10. Ontario’s New Energy Policy
As Alberta continued to contend with changes in the energy market from the provincial government’s coal phase-out plan, the Government of Ontario took several significant steps directed at the renewable energy sector. In 2018, Ontario enacted the White Pines Wind Project Termination Act to cancel the White Pine’s feed-in-tariff contract which Ontario’s IESO. This move followed the spring electoral victory of the Ontario Progressive Conservative party, whose campaign platform included the cancellation of renewable energy contracts and the cap-and-trade system. Ontario next announced that it was cancelling 758 renewable energy contracts and pledged that the decision would save Ontario ratepayers $790 million.
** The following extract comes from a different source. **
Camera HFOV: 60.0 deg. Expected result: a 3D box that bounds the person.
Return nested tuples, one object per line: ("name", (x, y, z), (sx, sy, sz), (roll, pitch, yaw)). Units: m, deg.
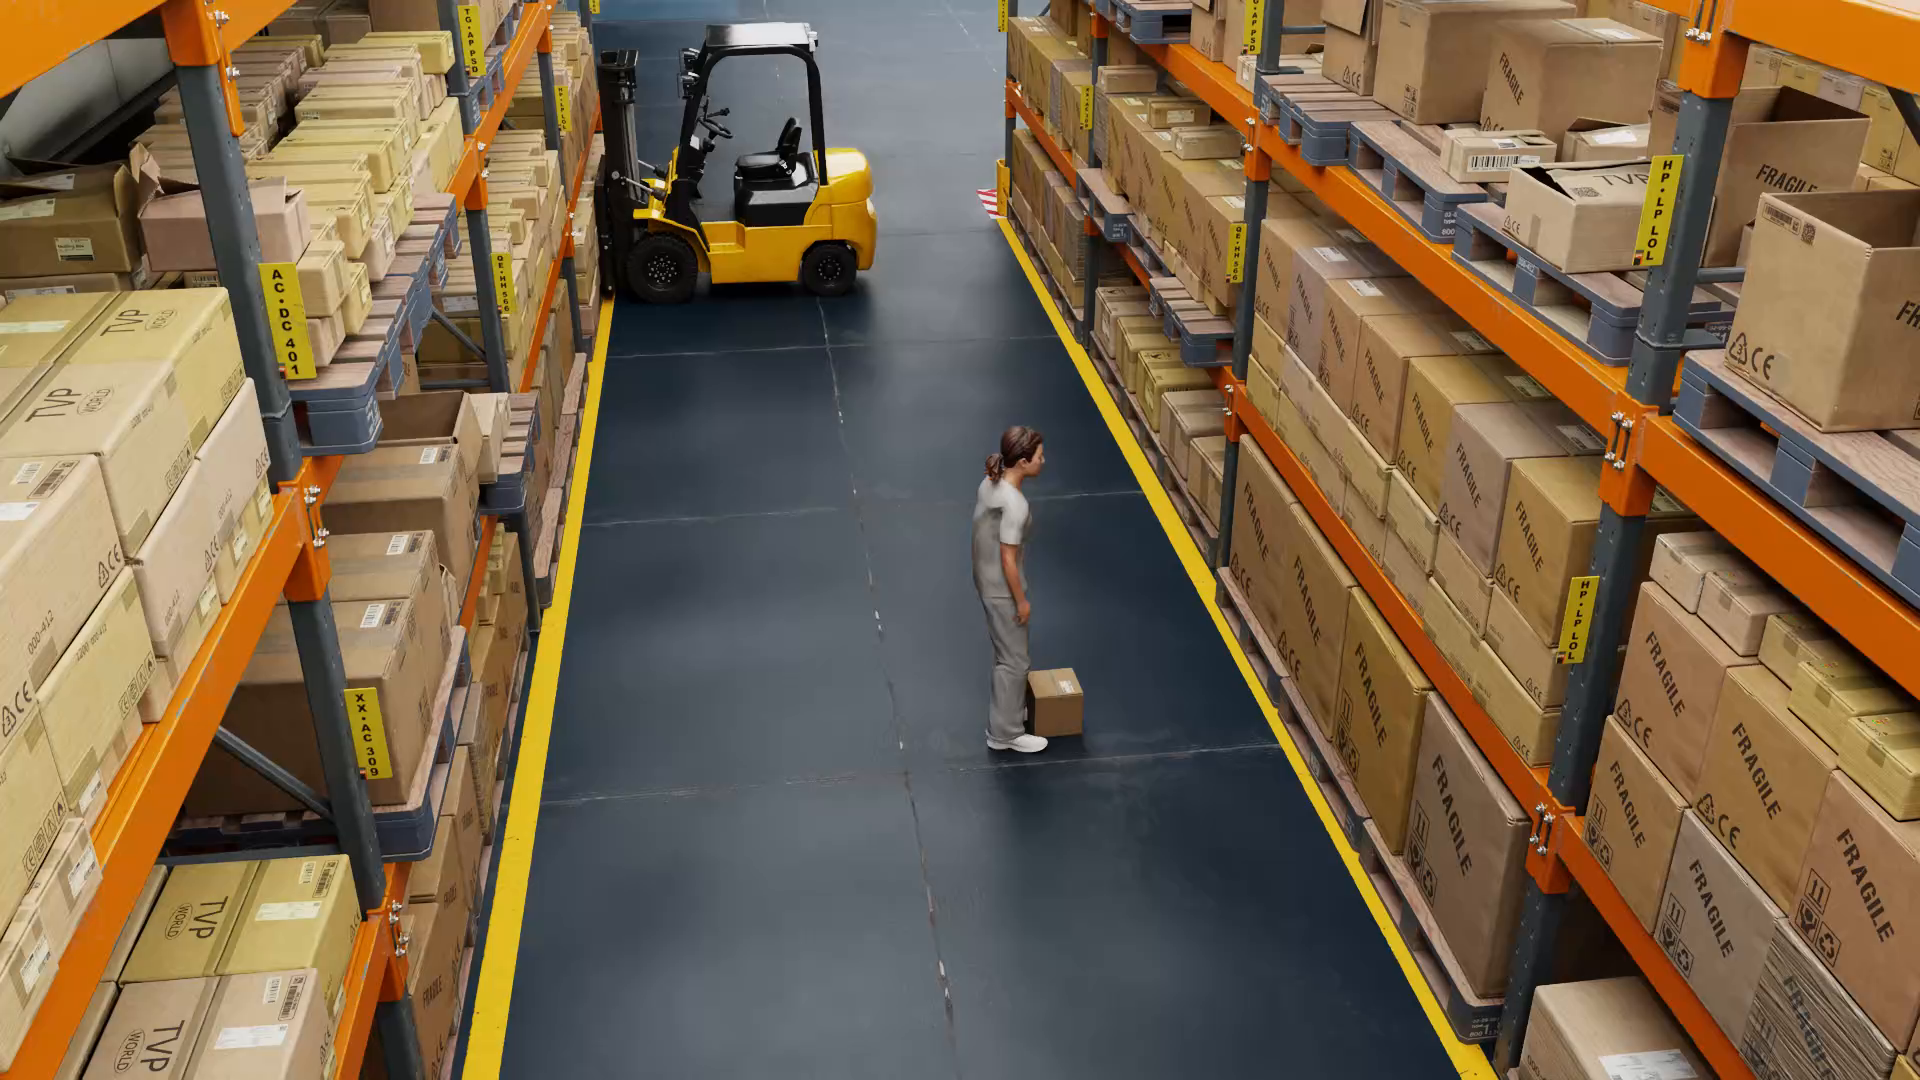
("person", (0.264, 0.224, 8.185), (0.405, 1.672, 0.498), (-4, 28, -8))

Notably, the White Pines Wind Project Termination Act expressly provides that “[n]o cause of action arises” against the Ontario government or the IESO as relates to the legislation. This clearly signifies the Ontario government’s intent to prevent litigation such as those arising after Alberta’s cancellation of power-purchase agreements. The Act further provides a formula for calculating compensation payable to White Pines and requires that any dispute in relation to compensation be determined by a binding arbitration. It is likely that Ontario intends to replicate this scheme in further legislation dealing with the cancellation of the renewable energy contracts, thereby limiting the project owners’ remedies to arbitral resolution of the amount payable under the stipulated formula.
The Government of Ontario has also introduced Bill 34, the Green Energy Repeal Act, 2018. Bill 34 is known as the bill that would reverse the Green Energy Act, which was introduced by the province in 2009 and created multiple levels of tariffs for various renewable generation. Among other things, Bill 34 empowers the Lieutenant Governor in Council to make a broad range of designations, including the designation of goods, services and technologies as energy efficient and the designation of certain renewable energy projects for specified purposes. These designations can allow such goods, services and technologies to be used, or such projects to proceed notwithstanding any restrictions established by any municipal bylaw, condominium bylaw, encumbrance or agreement.